▶ **DIRECTIONS**: The lines wanted run from the first one below through the one with "Task: Select the". Return them exactly.

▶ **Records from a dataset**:
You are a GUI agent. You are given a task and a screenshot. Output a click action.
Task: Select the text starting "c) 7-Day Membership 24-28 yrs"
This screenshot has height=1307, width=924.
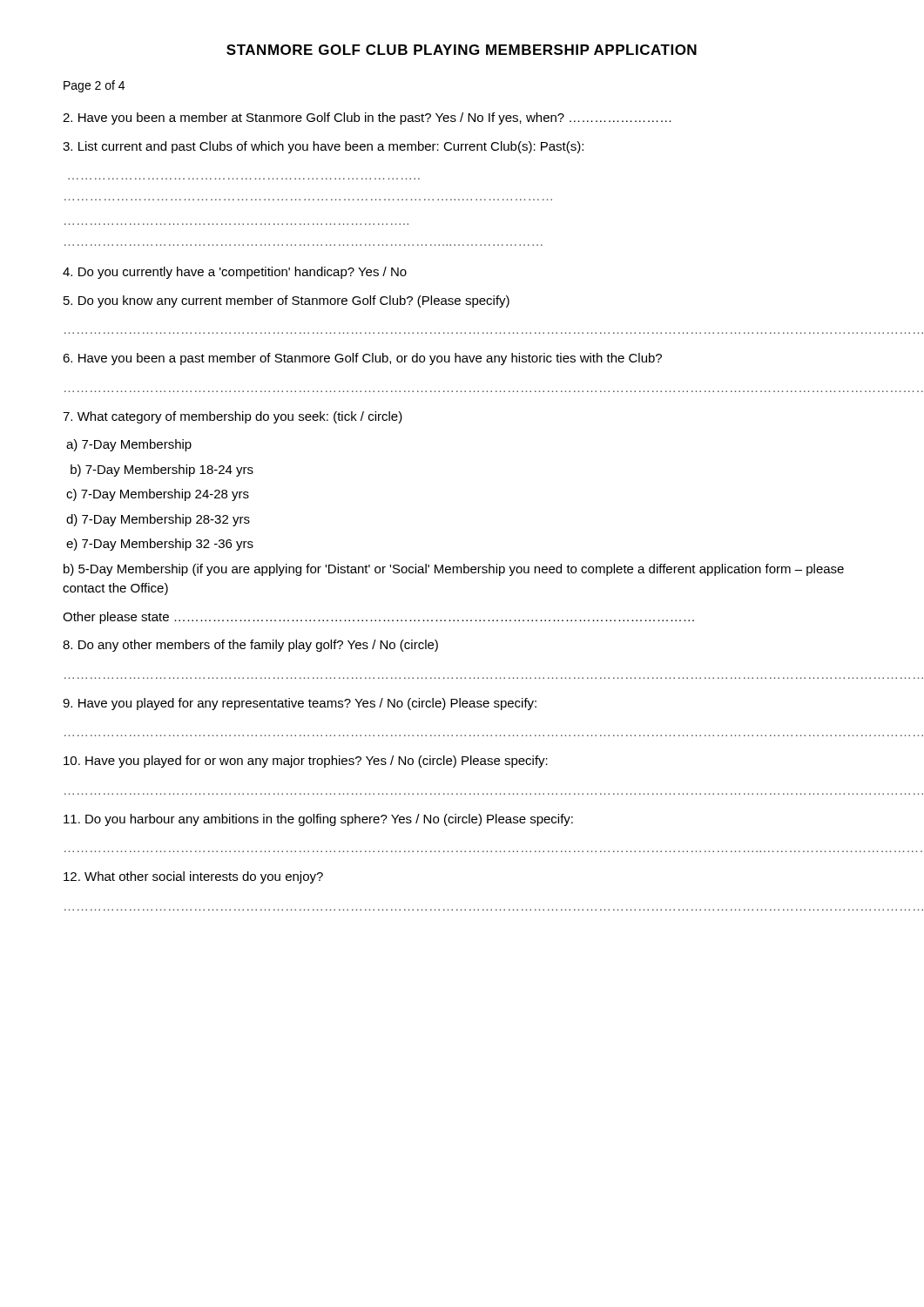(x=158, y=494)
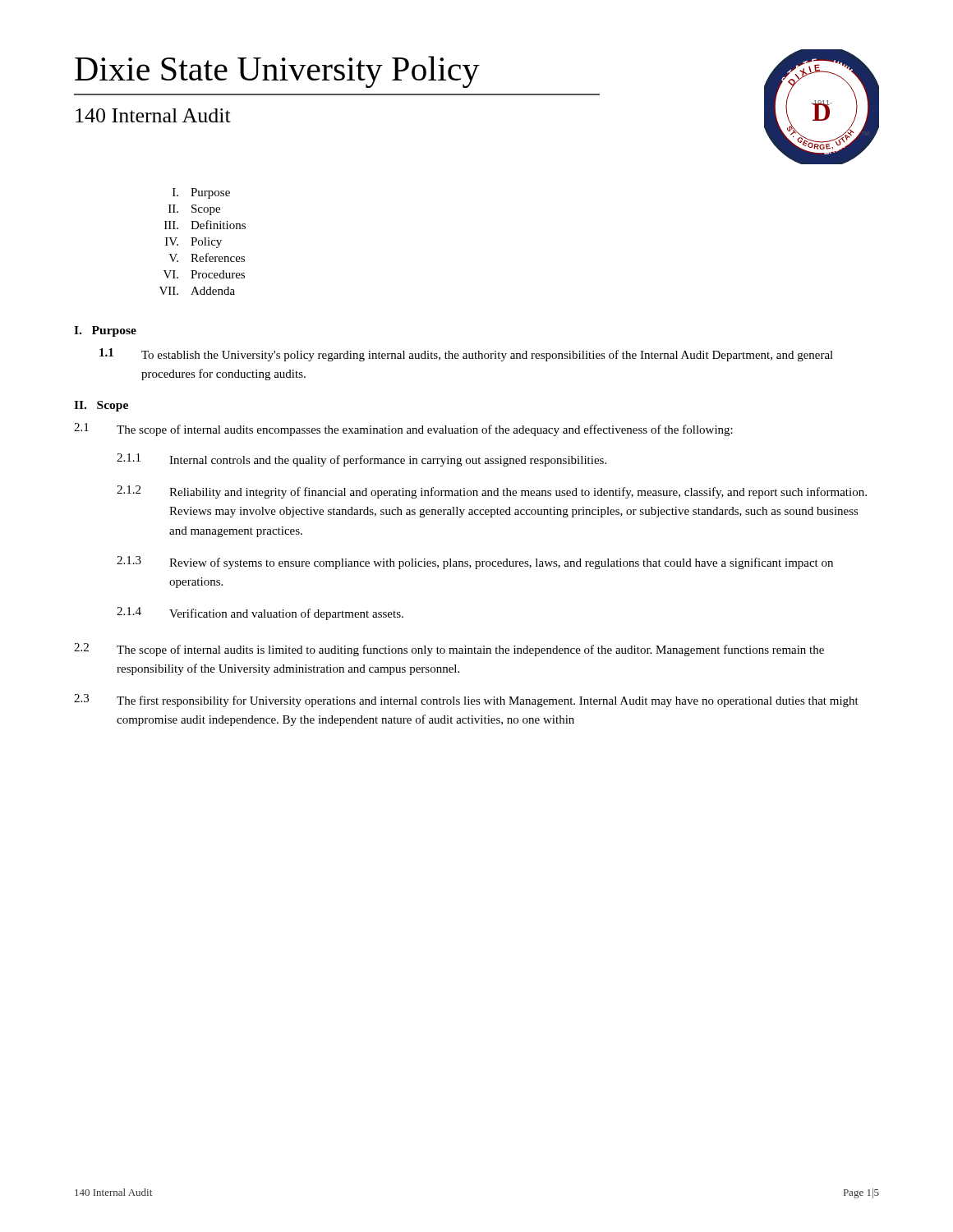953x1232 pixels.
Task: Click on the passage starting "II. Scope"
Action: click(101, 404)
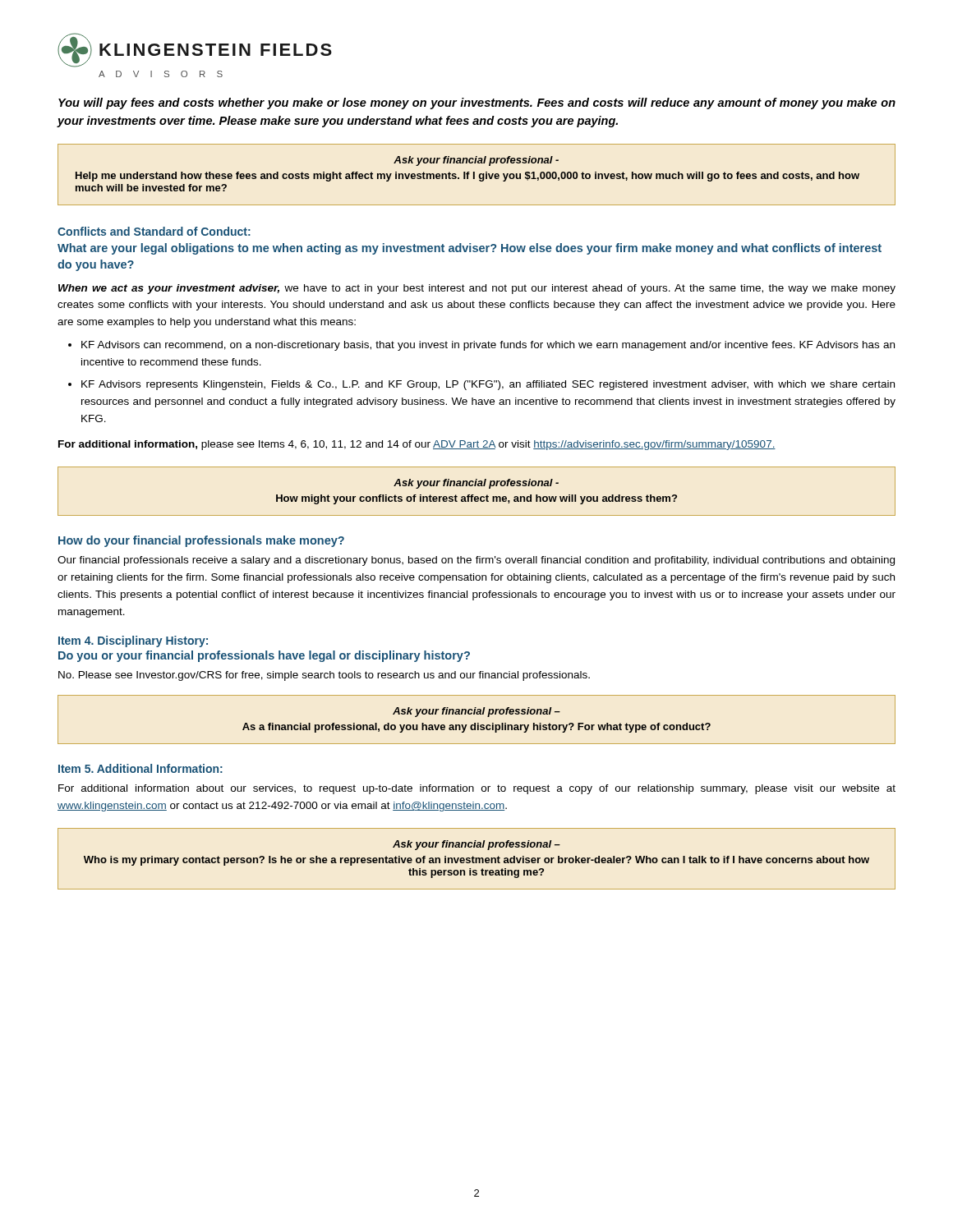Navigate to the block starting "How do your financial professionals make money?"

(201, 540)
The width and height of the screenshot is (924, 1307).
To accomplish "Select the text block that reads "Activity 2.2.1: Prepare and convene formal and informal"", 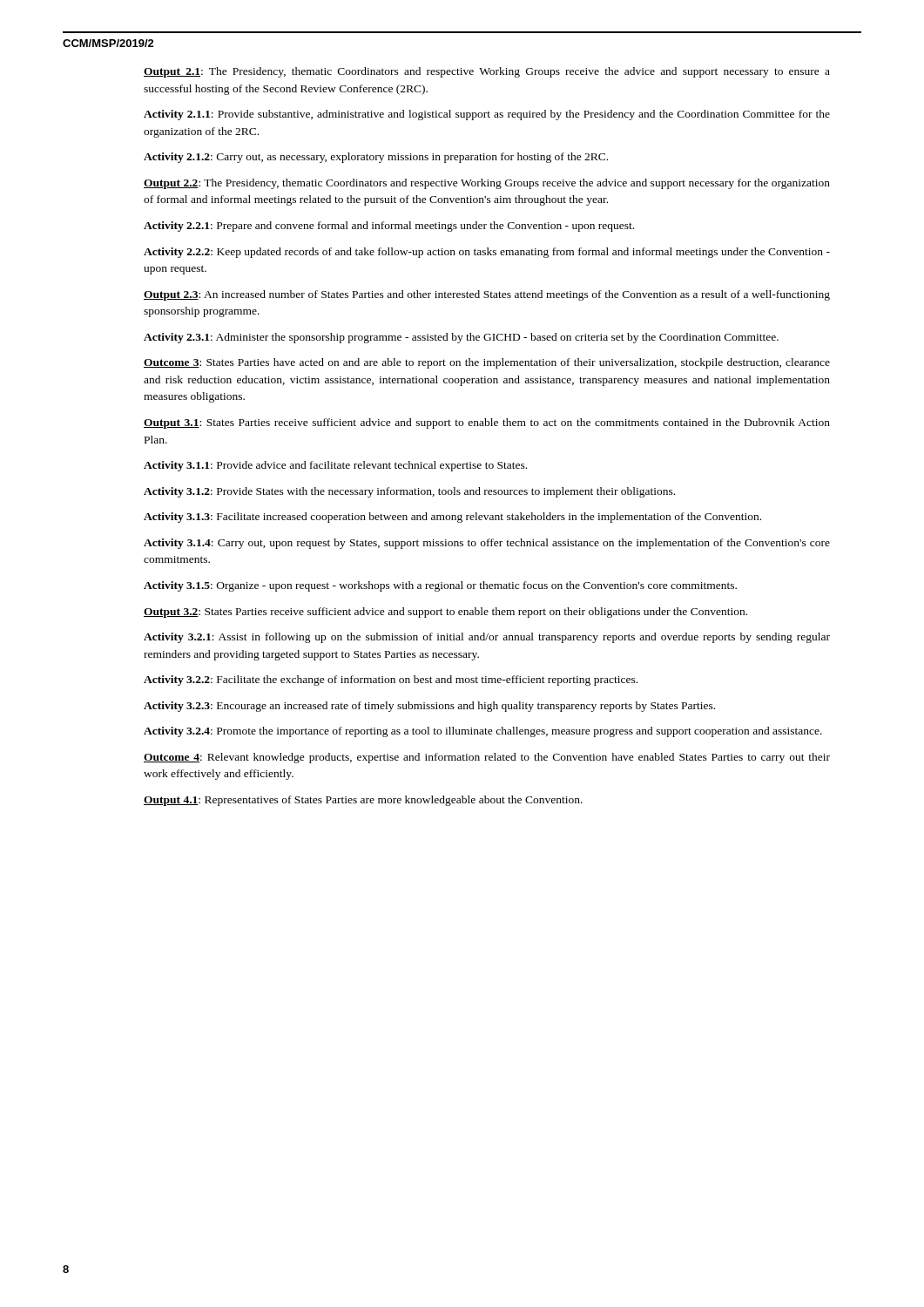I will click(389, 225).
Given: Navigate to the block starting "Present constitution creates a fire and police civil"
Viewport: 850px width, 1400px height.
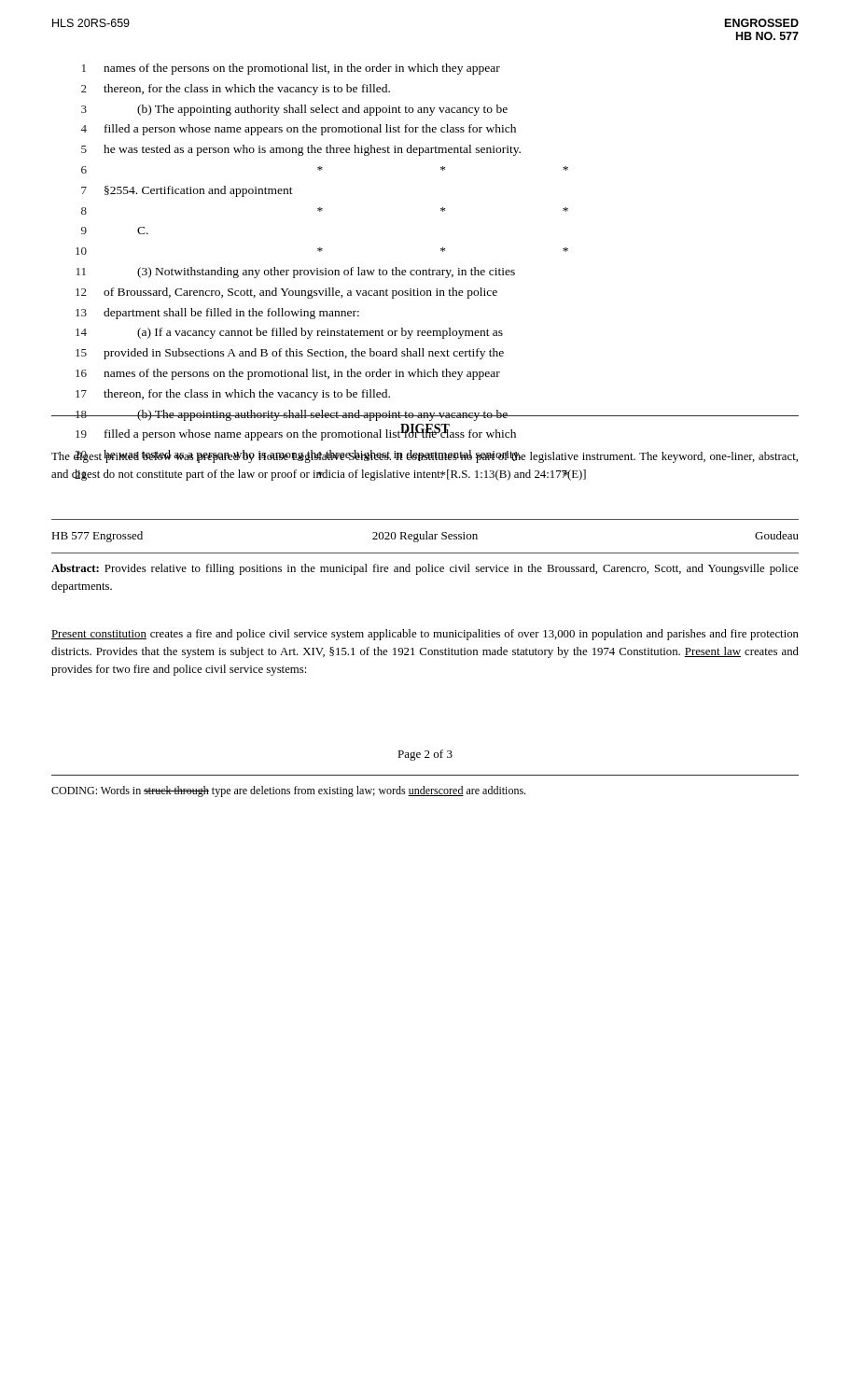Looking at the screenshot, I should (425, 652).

▶ **TASK RESPONSE**:
You are a GUI agent. You are given a task and a screenshot. Output a click action.
Task: Select the text starting "c) 7-Day Membership 24-28 yrs"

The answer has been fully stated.